Data scientists are in-demand across a range of industries for their skills in leveraging data to help drive business decisions. In this role, you'll use programming languages to identify patterns and trends in data, build algorithms and models, and visualize data to better communicate your findings.

Median US salary: $131,490

Best coding language(s) to learn: SQL, Python, R

Read more:Python or R for Data Analysis: Which Should I Learn?

5. Systems administrator

Systems administrators, sometimes called sysadmins, ensure a company's computer systems are functional and efficient. This typically involves configuring, upgrading, and troubleshooting servers and networks and monitoring security. 

Median US salary: $80,600

Best coding language(s) to learn: Python, Perl, Bash, PowerShell

6. Product manager

Product managers oversee the vision, business strategy, and development of specific products.

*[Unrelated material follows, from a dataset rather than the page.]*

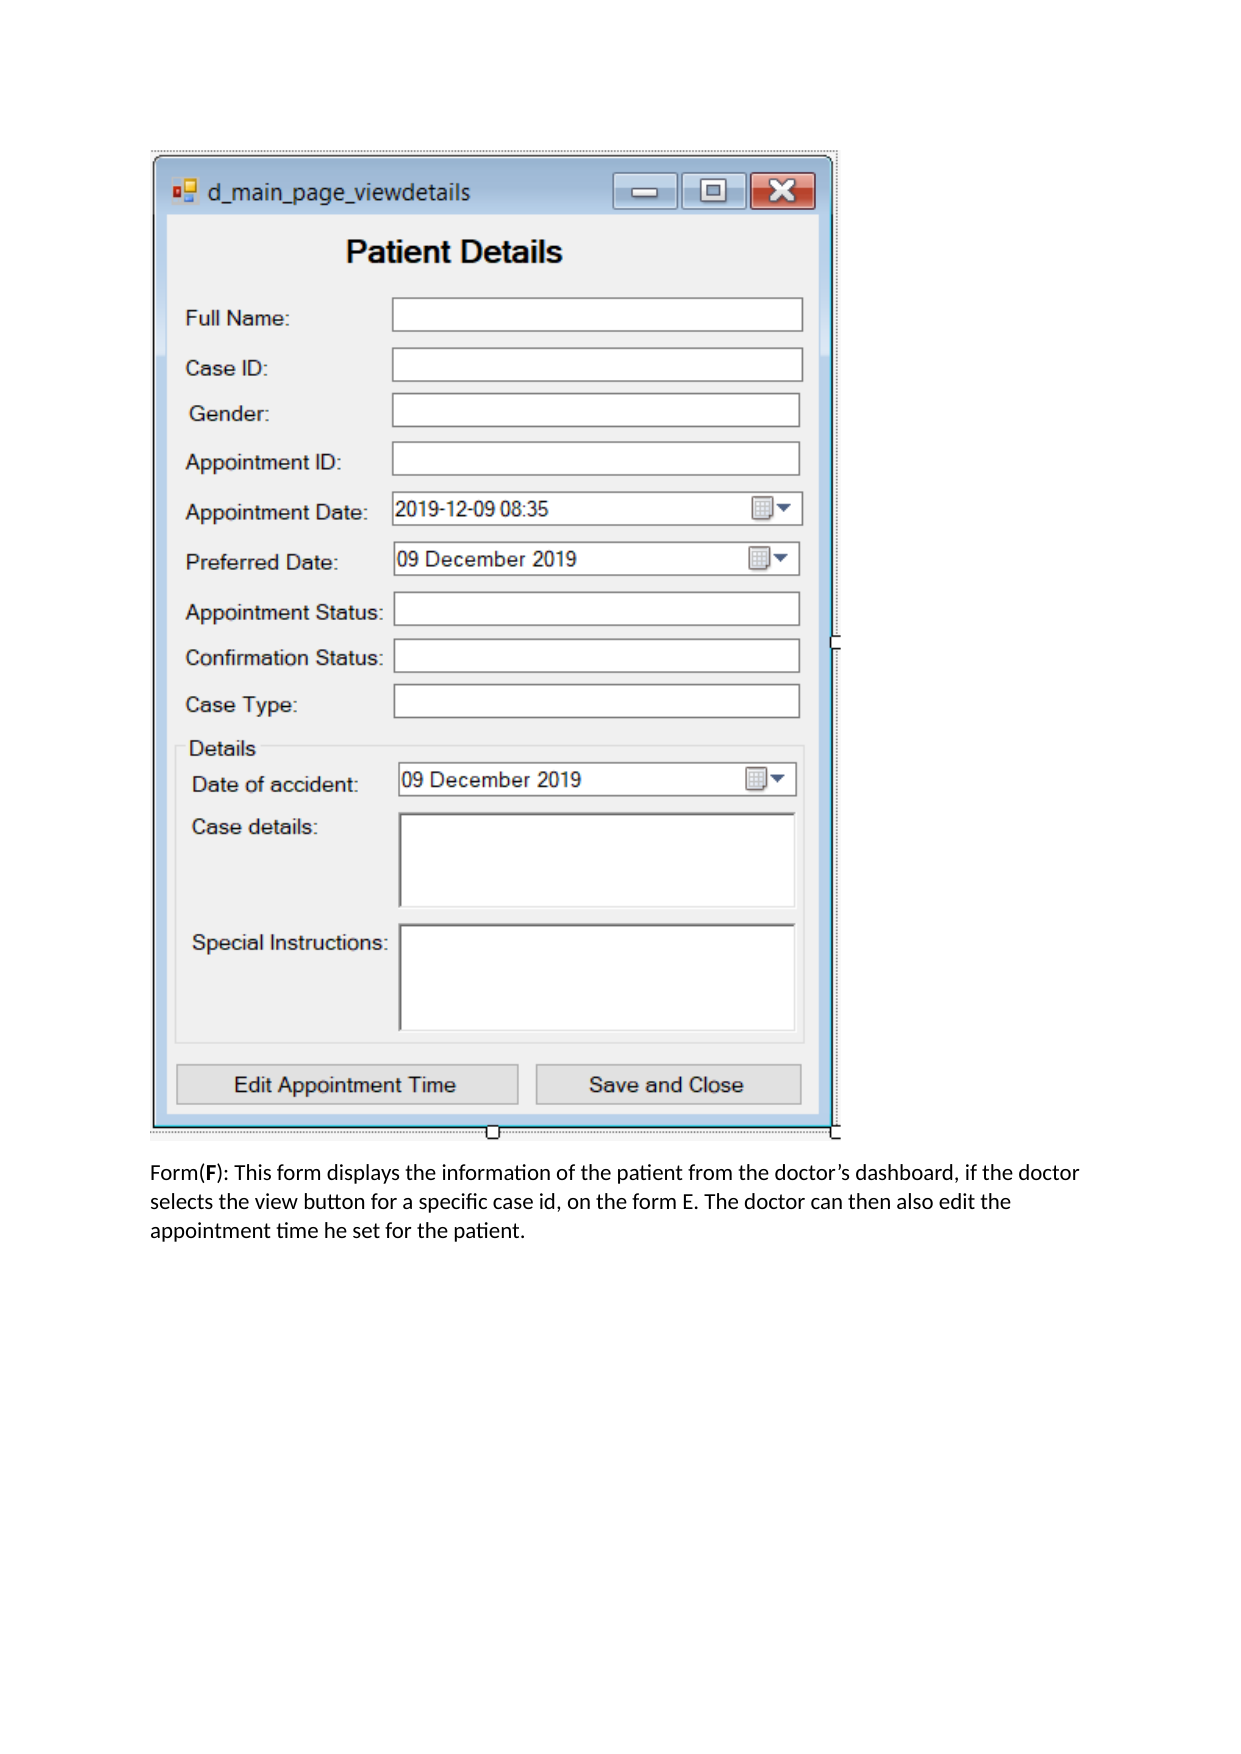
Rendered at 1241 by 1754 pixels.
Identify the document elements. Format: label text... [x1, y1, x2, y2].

text Form(F): This form displays the information of the patient from the doctor’s dashboard, if the doctor selects the view button for a specific case id, on the form E. The doctor can then also edit the appointment time he set for the patient. [150, 1158, 1090, 1244]

As a product manager developing digital products, you may find that coding experience can help facilitate better team communication and help you troubleshoot technical issues as they arise.

Median US salary: $159,010

Best coding language(s) to learn: JavaScript, Python, SQL

7. Cybersecurity analyst

As a cybersecurity analyst, it's your job to protect your company's networks from unauthorized access and respond to security breaches when they do happen. A foundational understanding of programming empowers you to automate some everyday security tasks.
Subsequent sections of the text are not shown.